HOW TO COMPLETE THIS TASK
The answer is a single number: the count of lines below in which the word "period" appears.

Items listed in a dataset
###

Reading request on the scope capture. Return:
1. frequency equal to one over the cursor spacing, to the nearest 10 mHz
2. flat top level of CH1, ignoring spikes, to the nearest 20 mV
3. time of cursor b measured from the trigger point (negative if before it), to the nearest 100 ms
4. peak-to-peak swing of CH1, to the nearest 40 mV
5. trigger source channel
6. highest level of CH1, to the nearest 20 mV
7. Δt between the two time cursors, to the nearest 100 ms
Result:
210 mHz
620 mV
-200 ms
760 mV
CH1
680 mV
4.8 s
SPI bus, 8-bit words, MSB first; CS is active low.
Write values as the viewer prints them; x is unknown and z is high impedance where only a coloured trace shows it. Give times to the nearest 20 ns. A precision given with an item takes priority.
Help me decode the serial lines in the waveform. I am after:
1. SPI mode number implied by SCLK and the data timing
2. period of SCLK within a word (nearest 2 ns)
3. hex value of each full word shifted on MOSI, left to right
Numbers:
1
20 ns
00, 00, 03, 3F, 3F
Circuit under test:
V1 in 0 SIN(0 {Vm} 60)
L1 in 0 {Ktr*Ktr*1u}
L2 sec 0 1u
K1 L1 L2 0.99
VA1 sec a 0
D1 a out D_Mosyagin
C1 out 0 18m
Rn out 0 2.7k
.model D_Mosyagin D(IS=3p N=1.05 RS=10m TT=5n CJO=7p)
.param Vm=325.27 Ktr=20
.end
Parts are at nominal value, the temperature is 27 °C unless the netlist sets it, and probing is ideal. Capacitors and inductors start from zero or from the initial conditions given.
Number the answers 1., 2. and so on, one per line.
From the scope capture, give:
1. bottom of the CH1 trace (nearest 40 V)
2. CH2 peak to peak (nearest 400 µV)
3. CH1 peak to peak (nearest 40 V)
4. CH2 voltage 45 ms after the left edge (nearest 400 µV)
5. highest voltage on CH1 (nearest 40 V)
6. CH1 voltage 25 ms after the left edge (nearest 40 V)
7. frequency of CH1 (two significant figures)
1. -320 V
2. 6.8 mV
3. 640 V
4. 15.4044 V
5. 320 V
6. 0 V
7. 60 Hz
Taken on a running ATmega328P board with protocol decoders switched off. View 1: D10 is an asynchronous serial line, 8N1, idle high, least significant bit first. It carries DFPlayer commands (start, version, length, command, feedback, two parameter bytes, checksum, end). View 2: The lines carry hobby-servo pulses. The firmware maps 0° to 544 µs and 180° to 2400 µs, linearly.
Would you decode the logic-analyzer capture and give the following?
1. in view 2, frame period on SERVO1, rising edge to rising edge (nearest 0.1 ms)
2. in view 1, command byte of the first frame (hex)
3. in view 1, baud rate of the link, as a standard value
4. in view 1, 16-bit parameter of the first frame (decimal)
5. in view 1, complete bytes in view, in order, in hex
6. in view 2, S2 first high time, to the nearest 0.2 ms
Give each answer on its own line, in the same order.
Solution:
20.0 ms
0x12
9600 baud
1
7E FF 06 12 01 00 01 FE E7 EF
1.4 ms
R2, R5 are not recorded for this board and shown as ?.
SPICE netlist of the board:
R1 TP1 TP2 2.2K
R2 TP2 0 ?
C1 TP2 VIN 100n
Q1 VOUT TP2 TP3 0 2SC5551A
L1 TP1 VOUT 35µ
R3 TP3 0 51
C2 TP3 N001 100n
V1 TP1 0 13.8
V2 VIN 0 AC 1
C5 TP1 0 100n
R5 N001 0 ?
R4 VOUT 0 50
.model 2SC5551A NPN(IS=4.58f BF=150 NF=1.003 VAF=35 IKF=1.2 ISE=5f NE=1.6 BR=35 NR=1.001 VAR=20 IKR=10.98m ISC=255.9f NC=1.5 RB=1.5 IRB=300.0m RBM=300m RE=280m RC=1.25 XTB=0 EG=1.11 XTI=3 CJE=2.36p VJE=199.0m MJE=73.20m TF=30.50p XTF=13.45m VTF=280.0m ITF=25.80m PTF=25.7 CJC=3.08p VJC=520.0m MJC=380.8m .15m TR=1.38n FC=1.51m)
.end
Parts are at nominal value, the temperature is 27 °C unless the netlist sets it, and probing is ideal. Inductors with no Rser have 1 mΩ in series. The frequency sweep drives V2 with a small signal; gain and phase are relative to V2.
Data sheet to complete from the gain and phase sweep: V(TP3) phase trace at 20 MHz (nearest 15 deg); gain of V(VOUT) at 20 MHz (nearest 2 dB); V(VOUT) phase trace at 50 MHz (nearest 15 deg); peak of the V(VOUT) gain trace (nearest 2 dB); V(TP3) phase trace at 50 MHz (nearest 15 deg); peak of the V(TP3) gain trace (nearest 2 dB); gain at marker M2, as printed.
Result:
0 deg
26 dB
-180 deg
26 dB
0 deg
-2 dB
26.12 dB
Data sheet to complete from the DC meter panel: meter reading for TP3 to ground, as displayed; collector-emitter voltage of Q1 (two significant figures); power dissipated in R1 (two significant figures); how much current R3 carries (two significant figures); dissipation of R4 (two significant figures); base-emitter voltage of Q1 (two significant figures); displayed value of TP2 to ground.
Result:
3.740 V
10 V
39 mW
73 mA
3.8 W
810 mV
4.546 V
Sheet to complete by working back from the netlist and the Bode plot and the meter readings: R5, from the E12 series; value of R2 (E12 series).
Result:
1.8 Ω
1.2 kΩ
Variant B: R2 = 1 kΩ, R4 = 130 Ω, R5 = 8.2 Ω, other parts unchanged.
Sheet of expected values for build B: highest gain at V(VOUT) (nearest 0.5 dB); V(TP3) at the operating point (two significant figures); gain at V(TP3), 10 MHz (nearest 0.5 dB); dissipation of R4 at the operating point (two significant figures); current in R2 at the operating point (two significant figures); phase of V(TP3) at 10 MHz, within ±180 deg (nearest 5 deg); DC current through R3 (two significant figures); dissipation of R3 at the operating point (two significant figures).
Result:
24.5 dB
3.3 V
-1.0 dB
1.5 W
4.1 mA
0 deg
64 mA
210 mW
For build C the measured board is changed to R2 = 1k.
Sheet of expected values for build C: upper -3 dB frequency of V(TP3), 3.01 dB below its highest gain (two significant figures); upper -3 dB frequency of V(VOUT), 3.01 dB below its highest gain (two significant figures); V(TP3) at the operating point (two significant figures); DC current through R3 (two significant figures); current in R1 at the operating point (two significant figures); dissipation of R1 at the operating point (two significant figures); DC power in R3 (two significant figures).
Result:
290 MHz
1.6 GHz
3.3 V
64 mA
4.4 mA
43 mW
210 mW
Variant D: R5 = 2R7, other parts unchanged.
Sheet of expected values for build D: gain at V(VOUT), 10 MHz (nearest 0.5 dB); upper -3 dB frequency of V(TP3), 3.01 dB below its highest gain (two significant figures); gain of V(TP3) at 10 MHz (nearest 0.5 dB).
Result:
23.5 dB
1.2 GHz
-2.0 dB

###

REPLY
2